Changing the mix of materials can have significant impact on a brand’s social, environmental and ethical footprint. Whilst industry giants are increasingly shifting their mix towards low-impact materials and investing in developing new fibres, many smaller brands are challenged by their lack of ability to make volume and the time-consuming cost of gaining knowledge to move in a more sustainable direction.
Jacob Kampp Berliner is the CEO of Danish fashion brand Soulland. He writes from the perspective of an SME about some of the initial steps he has taken to increase the brand’s sustainable material mix.
Until recently we did very little on sustainability. Even though we wanted to take action, we were at a loss about where to start. When I look back, we were simply paralysed by the complexity of the subject. Where should we start and if we started, how should we communicate about it? But we made an executive decision to just start, and to simply take it step by step.

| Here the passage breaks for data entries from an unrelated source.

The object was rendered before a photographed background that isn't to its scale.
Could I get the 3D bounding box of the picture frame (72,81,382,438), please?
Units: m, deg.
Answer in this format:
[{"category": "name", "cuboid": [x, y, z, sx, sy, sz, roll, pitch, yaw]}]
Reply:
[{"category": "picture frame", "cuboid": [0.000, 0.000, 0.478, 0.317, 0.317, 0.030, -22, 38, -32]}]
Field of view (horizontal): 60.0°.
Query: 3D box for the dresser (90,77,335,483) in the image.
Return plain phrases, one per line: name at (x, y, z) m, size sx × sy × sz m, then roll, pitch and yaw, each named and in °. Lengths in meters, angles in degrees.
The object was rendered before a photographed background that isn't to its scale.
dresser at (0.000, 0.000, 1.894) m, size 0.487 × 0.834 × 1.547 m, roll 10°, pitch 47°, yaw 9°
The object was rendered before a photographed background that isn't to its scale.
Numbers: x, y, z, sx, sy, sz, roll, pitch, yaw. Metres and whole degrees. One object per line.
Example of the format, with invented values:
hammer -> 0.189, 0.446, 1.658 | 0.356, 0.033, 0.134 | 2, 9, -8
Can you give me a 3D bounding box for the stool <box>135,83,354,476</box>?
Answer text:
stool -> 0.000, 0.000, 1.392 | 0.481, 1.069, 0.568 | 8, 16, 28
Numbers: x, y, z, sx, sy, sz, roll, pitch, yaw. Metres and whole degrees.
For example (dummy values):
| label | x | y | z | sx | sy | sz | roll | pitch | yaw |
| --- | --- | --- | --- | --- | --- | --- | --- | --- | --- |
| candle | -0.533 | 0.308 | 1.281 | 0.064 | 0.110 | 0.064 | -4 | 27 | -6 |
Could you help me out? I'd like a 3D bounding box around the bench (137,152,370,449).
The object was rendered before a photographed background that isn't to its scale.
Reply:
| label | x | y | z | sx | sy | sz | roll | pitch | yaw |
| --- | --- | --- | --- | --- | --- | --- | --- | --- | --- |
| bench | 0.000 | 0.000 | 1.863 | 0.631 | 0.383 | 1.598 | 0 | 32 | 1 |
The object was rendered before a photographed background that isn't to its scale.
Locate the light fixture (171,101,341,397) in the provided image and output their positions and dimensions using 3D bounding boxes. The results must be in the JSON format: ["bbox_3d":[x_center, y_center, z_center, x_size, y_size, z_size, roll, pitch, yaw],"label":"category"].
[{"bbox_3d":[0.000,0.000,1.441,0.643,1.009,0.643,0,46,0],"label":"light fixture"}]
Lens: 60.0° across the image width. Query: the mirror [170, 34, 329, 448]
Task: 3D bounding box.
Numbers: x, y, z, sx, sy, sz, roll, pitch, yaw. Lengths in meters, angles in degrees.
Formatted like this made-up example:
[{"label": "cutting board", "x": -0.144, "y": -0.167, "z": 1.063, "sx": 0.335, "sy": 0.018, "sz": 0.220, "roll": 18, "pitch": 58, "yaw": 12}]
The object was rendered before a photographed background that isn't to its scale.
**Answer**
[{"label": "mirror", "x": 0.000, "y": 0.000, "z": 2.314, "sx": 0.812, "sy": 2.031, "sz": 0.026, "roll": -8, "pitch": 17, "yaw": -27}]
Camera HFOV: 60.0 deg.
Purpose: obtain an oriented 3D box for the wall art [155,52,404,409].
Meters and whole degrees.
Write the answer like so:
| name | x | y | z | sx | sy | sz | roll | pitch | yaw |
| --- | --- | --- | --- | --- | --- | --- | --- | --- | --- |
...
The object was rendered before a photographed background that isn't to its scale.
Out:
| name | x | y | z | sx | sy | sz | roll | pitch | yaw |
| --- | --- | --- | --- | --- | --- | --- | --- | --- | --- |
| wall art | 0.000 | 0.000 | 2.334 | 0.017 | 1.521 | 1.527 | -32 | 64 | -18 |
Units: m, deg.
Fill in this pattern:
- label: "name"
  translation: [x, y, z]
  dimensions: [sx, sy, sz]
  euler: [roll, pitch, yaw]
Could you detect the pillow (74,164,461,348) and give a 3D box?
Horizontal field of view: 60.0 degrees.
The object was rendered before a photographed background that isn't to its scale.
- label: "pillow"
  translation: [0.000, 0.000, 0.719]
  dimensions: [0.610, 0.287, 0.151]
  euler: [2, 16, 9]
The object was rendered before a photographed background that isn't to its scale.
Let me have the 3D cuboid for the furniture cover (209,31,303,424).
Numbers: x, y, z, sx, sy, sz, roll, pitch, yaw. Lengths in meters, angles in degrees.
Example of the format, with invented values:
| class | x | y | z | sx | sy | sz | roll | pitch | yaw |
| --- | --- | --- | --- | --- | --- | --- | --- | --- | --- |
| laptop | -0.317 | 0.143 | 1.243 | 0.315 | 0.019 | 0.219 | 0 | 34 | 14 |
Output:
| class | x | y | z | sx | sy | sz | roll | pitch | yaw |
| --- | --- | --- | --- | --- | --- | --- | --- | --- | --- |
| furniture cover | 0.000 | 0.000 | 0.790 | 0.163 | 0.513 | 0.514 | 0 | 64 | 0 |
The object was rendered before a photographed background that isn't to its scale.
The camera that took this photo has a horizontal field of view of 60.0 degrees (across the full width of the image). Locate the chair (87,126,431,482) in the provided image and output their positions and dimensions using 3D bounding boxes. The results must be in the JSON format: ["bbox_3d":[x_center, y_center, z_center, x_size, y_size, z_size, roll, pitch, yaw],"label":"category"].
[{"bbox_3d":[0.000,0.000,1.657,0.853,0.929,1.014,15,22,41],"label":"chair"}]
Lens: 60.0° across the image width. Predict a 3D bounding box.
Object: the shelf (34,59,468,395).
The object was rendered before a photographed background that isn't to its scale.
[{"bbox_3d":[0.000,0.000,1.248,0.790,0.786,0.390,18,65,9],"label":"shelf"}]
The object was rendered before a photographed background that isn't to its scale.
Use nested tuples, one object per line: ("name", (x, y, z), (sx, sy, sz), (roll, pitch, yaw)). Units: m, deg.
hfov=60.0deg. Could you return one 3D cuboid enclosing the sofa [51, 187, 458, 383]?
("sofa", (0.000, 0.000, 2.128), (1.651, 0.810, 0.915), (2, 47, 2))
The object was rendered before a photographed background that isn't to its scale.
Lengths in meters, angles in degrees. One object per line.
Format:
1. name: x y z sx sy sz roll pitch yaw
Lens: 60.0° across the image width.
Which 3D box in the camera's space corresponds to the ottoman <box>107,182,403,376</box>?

We came to the conclusion that focusing on bettering the material mix in our volume-driven basics collection would have the largest impact on our sustainability performance and have an immediate, tangible effect. We launched our first Logic collection, which simply swapped conventional cotton for organic in basics such as sweatshirts, t-shirts and hoodies.
In order to incentivise our customers to choose our sustainable products we made the Logic collection cheaper than our non-organic products, providing added value to otherwise unchanged designs. We wanted sustainability to become part of their everyday wardrobe. In this way, our customers would simply pay less for a better choice, without cutting the profit for anyone in the supply chain. Instead, we let our margins take the hit.
Soulland was originally developed out of the energy of action. By realising we had to revisit that energy and take real action to start the changes, we pumped a lot of new knowledge and energy into every part of the company. What we learned, is once you start, you can actually move really fast, faster than what we thought. By focusing on the low hanging fruits, we made faster changes than we thought possible when we started out and in less than 12 months, Soulland moved from the Pre-Phase to Phase Three on the Pulse Curve, used in the Pulse of the Fashion Industry report.
Before we embarked on this journey, we never communicated about sustainability or the sustainable aspects in our products. With the launch of Logic, however, we have come to realise the importance of using our voice to share our story and journey with our customers, staff and industry peers. An advantage as an SME and privately-owned business is that we have the ability speak our own mind and do not have to care about the stakeholders. By choosing to communicate, my belief is that we will spread awareness and inspire further action in the industry.
When you openly talk about sustainability, you open up for criticism and the discussion often focuses on what you are not doing. To move forward we need to have an open dialogue and be unafraid to make mistakes, an important part of the learning curve. We want to show the mistakes we make on the path we travel, hopefully that create an environment where other brands become less afraid of talking about sustainability.
Global Fashion Agenda has reached out to industry leaders to get their perspective on the priorities in the CEO Agenda and how to get closer to solutions. The think pieces are a reflection of their personal or organisation’s approach to the issues and do not necessarily state or reflect the opinions and views of Global Fashion Agenda and its Strategic Partners.